[DATA SUPPLIED — start]
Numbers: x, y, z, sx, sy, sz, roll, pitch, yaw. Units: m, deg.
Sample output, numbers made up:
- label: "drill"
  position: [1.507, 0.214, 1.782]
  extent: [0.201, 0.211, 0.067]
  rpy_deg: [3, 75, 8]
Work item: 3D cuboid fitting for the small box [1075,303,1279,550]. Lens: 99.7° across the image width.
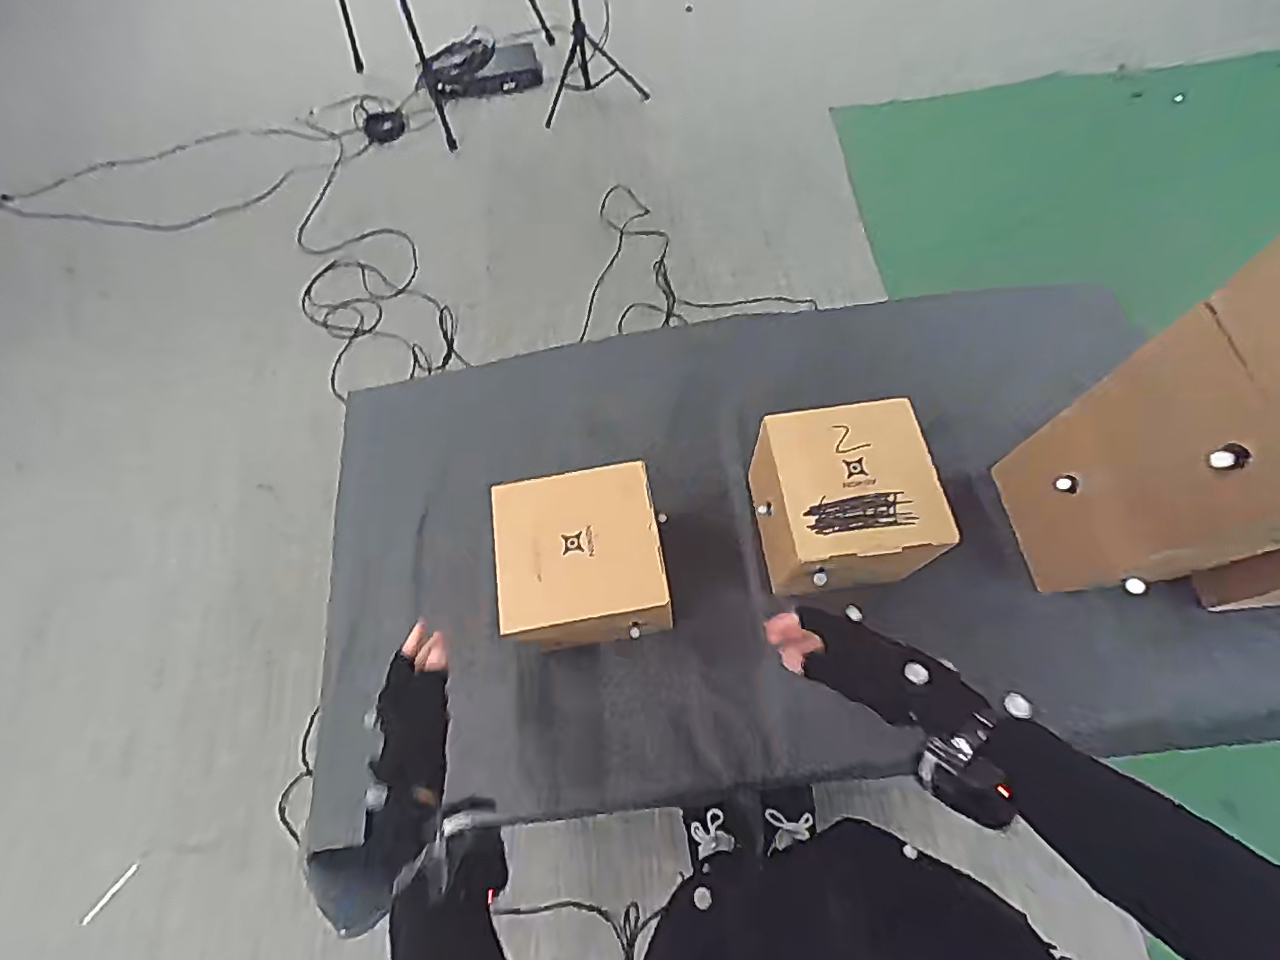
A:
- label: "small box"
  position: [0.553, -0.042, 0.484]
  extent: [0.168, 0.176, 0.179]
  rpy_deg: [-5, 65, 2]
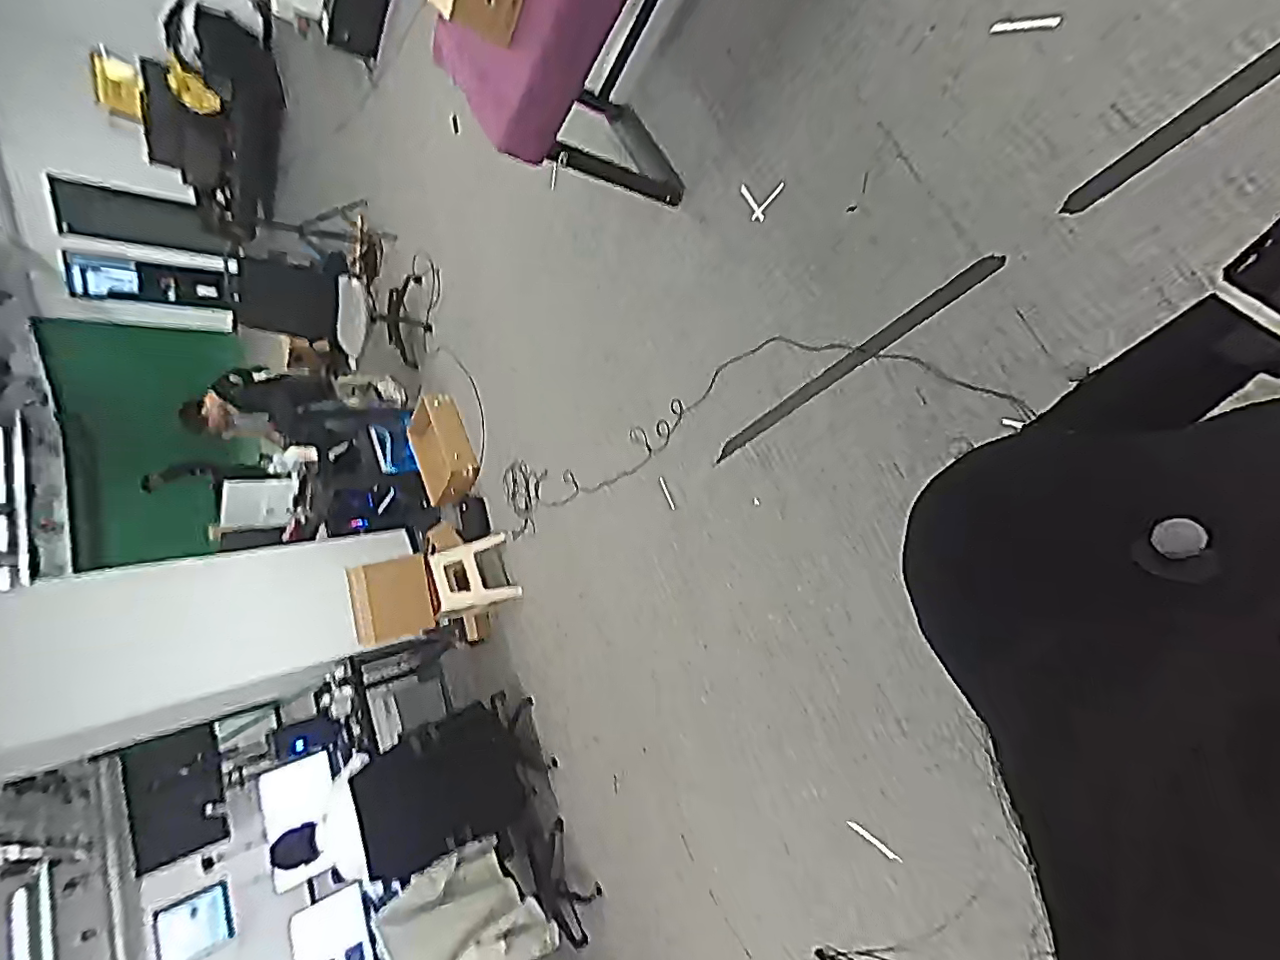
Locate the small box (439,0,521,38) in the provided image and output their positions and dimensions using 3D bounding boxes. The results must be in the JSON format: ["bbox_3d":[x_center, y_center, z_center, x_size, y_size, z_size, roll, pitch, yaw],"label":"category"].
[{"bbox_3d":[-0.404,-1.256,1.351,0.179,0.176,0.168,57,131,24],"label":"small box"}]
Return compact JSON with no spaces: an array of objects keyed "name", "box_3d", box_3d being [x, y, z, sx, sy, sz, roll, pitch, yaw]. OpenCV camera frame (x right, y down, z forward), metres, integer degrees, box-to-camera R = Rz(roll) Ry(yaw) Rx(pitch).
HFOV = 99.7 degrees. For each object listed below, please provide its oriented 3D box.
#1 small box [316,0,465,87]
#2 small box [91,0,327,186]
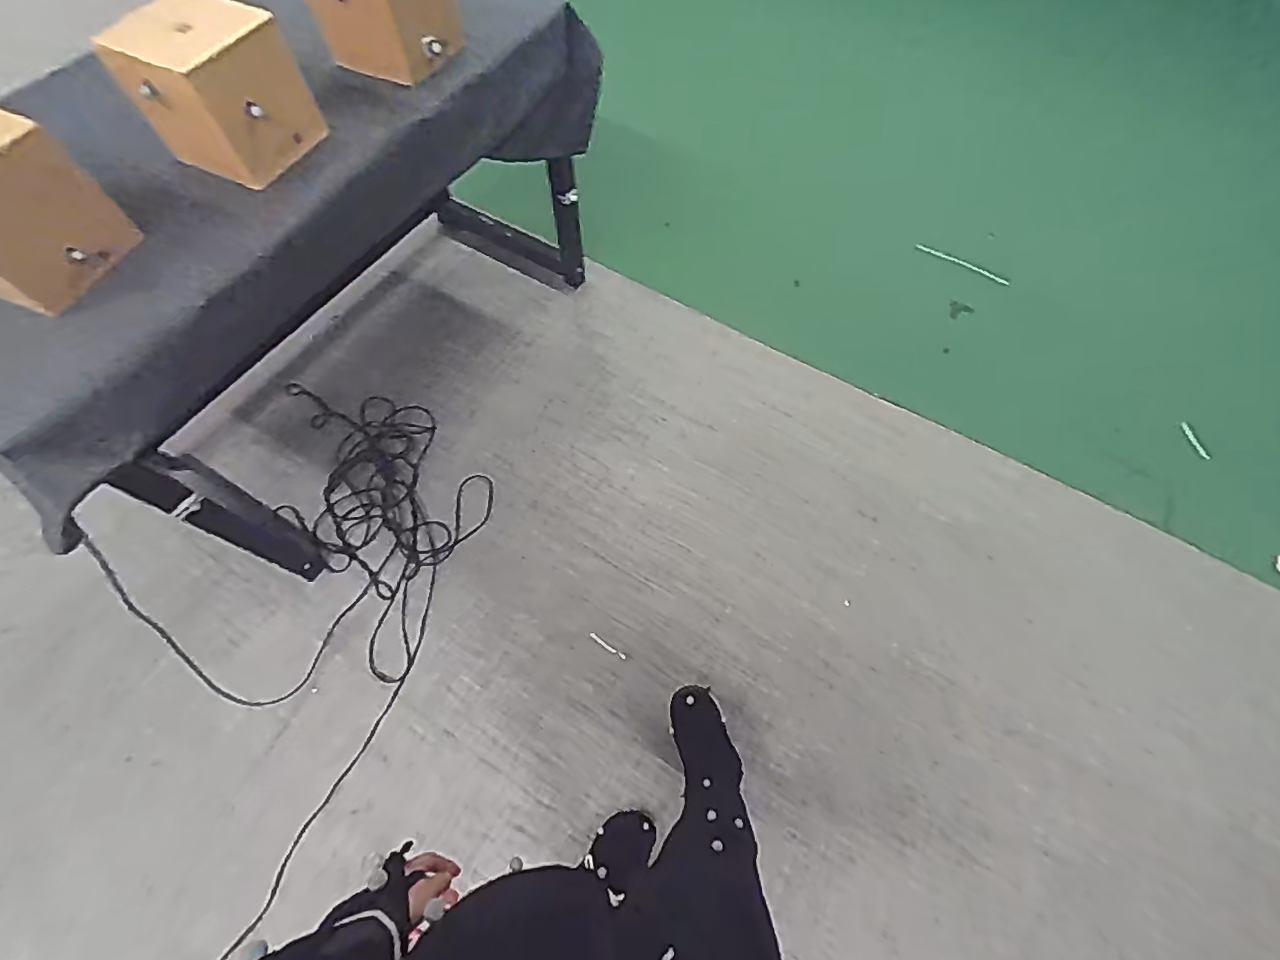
[DATA SUPPLIED — finish]
▶ _ASSIGNMENT_: Print each line of the material above exactly, with the pictures removed from your copy.

▶ _REPLY_:
Numbers: x, y, z, sx, sy, sz, roll, pitch, yaw. Units: m, deg.
Sample output, numbers made up:
- label: "drill"
  position: [1.507, 0.214, 1.782]
  extent: [0.201, 0.211, 0.067]
  rpy_deg: [3, 75, 8]
Work item: 3D cuboid fitting for the small box [1075,303,1279,550]. Lens: 99.7° across the image width.
A:
- label: "small box"
  position: [0.553, -0.042, 0.484]
  extent: [0.168, 0.176, 0.179]
  rpy_deg: [-5, 65, 2]
Locate the small box (439,0,521,38) in the provided image and output their positions and dimensions using 3D bounding boxes. The results must be in the JSON format: ["bbox_3d":[x_center, y_center, z_center, x_size, y_size, z_size, roll, pitch, yaw],"label":"category"].
[{"bbox_3d":[-0.404,-1.256,1.351,0.179,0.176,0.168,57,131,24],"label":"small box"}]
Return compact JSON with no spaces: an array of objects keyed "name", "box_3d", box_3d being [x, y, z, sx, sy, sz, roll, pitch, yaw]. OpenCV camera frame (x right, y down, z forward), metres, integer degrees, box-to-camera R = Rz(roll) Ry(yaw) Rx(pitch).
HFOV = 99.7 degrees. For each object listed below, please provide its oriented 3D box.
#1 small box [316,0,465,87]
#2 small box [91,0,327,186]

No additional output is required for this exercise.